# Seneca Street block two



## OilValleyRy (Oct 3, 2021)

This is a high relief background. The base is 1/8th masonite board, with several scrap spacer pieces making a 2nd layer below.
I have not yet added power lines as I’ve not yet decided how I want to attach them from this removable block to the non-removable sidewalk where the power/telephone poles will be.










The end buildings are both City Classics, with the fronts set aside for use elsewhere. The middle business is scratch built with some modified kit pieces.

The Terrace building.









The vent pipes are a combination of white metal castings and styrene rod. Down spouts are strip wood. The scuppers at the top are white metal castings. The air conditioner is etched metal from BLMA. All of the curtains are made from facial tissue. Window glazing is a mix of clear styrene “window plastic” and plastic cut from evergreen packaging.










The aged building sign is difficult to read. It was done using dry transfers. It reads:
The Terrace
Weekly Rates
Color TV
Kitchenettes
No Pets
Laundry Machines
Office Space

And yes, the wall is partially still wet from an overnight thunderstorm.










The tar paper roofing is a sticky backed strip paper product, painted black before installing. The access hatch made from styrene. The chimney is a white metal casting.










The Yellow Dog Tavern. This building is loosely based on a prototype, called the Yellow Dog Lantern. The AC unit is another BLMA with a strip wood frame. The phone line is, phone line, actually. The sign was done the same way, dry transfer yellow stripes and letters over black paint.










The same downspout & scupper treatment here. The electrical meter can, glass meter, and riser are all styrene. The curtains are facial tissue, this time painted. Pull down shades are card stock. The venetian blinds are a paper product. The tenant on the third floor was evicted, forcibly, and caused quite a scene.










The weather head atop the electrical riser is shaped plastic sprue. The plumbing vent is an exhaust stack from a Stewart Hobbies VO-1000. The chimney is 2 halves from a DPM kit. The roof access door was made from 1x2 pine, cut to shape, sanded, and painted. The door is paint. In this photo you can tell. From 3 feet away, you cannot. The water tower is an enhanced walthers kit. The base kit is terrible & scientifically just wrong lol. I used the kit tank as a form, wrapping it with real wood. The banding is appropriate… or more appropriate than walthers’ evenly spaced banding. I used drafting tape for that. I also added a vent pipe to the roof and a fill pipe to the side, as the kit lacks both rather essential components. I also shimmed two footings to level the tank legs on the sloped roof.










Jumping back to The Terrace building for a moment.
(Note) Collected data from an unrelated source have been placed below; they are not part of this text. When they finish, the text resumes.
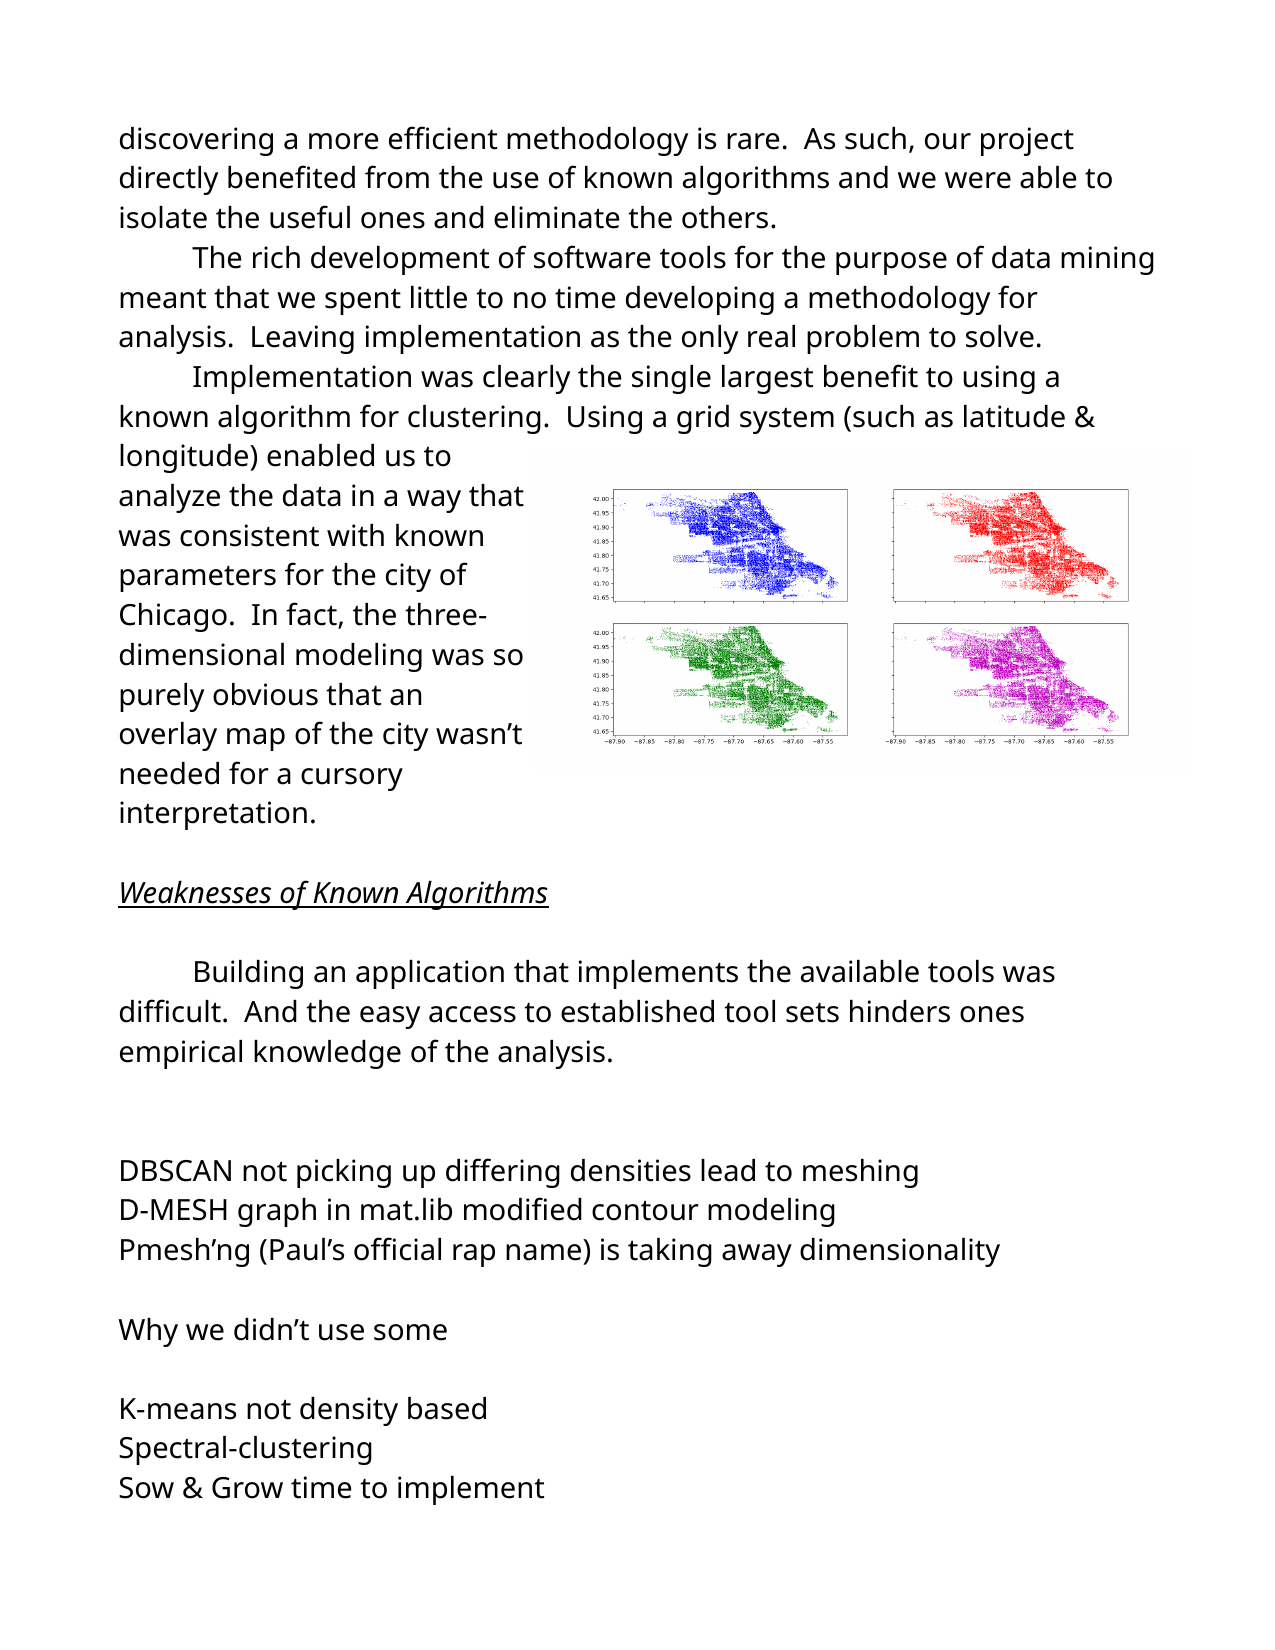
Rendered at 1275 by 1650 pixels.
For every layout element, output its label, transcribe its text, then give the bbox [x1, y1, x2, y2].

text Building an application that implements the available tools was difficult. And the easy access to established tool sets hinders ones empirical knowledge of the analysis. [118, 952, 1157, 1071]
text Sow & Grow time to implement [118, 1467, 1157, 1507]
text discovering a more efficient methodology is rare. As such, our project directly benefited from the use of known algorithms and we were able to isolate the useful ones and eliminate the others. [118, 118, 1157, 237]
picture [530, 452, 1194, 770]
text DBSCAN not picking up differing densities lead to meshing [118, 1150, 1157, 1190]
text Pmesh’ng (Paul’s official rap name) is taking away dimensionality [118, 1229, 1157, 1269]
text Why we didn’t use some [118, 1309, 1157, 1348]
text Spectral-clustering [118, 1428, 1157, 1467]
text The rich development of software tools for the purpose of data mining meant that we spent little to no time developing a methodology for analysis. Leaving implementation as the only real problem to solve. [118, 237, 1157, 356]
text D-MESH graph in mat.lib modified contour modeling [118, 1190, 1157, 1229]
text K-means not density based [118, 1388, 1157, 1428]
text Weaknesses of Known Algorithms [118, 872, 1157, 912]
text Implementation was clearly the single largest benefit to using a known algorithm for clustering. Using a grid system (such as latitude & longitude) enabled us to analyze the data in a way that was consistent with known parameters for the city of Chicago. In fact, the three-dimensional modeling was so purely obvious that an overlay map of the city wasn’t needed for a cursory interpretation. [118, 356, 1157, 832]

The Electrical service was upgraded at some point. It now has buried service which comes up to a pair of troughs, to a house meter, then back to 4 suite meters, each of which has a pvc conduit going up the wall to an, admittedly oversized but noticeable, LB. I make the meters from two pieces of styrene to imply there is a cover piece to the meter can. The meters themselves are clear plastic rod cut to about 1 or 2 16ths.

The red building wall is wood. Window frames and door are grant line, blacked out with electrical tape. The awning is from a Bachmann ranch house kit. The meter can beside the door is an old metal casting. I don’t like them, so I used it here because you cannot see it from an angle and see the “glass” nature of it.
The cement foot and yellow top board are plastic from a walthers modular structure kit I think. The rusty grate is a part that was laying around for 25 years. The pallet and “porch” are all wood. Trash cans & barrel from life-like kits. The separate black garbage bag was scratch built from a black plastic shopping bag. Oh, the cardboard box is a block of resin. The two cans are white metal.










The roof was sorta tricky. All three pieces are from a walthers modular structure kit. The sides were from peaked end walls, but mounted backwards… so the molded insides are against the adjacent buildings. This left brick texture above the galvanized roofing. Styrene was added as supports for the center roof piece.










Although it still needs some light cast from a street light, this is how it looks illuminated. At present (and in the photo) it is lit with one of those woodland scenics gizmos. I like it for testing & determining things, but not permanently. They’ll get regular LEDs dropped to a very close match.
The rooms all have implied interiors. For example, the “reddish” interior on the left is unpainted cardboard from a household product, cut up to form a small light box for that window only. The green interior one floor below was done the same way using that green backing cardboard in Evergreen styrene packages.
The street light will be located semi-centrally in orientation, about straight out from the yellow door, on the sidewalk, which will suitably brighten things up and cast asymmetric shadows through that “cubby” behind the red business. But that part comes later, when I do the alley pavement etc.


----------



## OilValleyRy (Oct 3, 2021)

In post-posting review, I realized there wasn’t a very good view provided of the upgraded electrical on The Terrace. So here are a couple additional shots of that.


----------



## Gramps (Feb 28, 2016)

Great work.


----------



## traction fan (Oct 5, 2014)

OilValleyRy said:


> This is a high relief background. The base is 1/8th masonite board, with several scrap spacer pieces making a 2nd layer below.
> I have not yet added power lines as I’ve not yet decided how I want to attach them from this removable block to the non-removable sidewalk where the power/telephone poles will be.
> 
> View attachment 571543
> ...


Oil Valley Ry;

Beautiful work!  

Traction Fan


----------



## MichaelE (Mar 7, 2018)

Outstanding modeling.


----------



## scenicsRme (Aug 19, 2020)

Kudos!


----------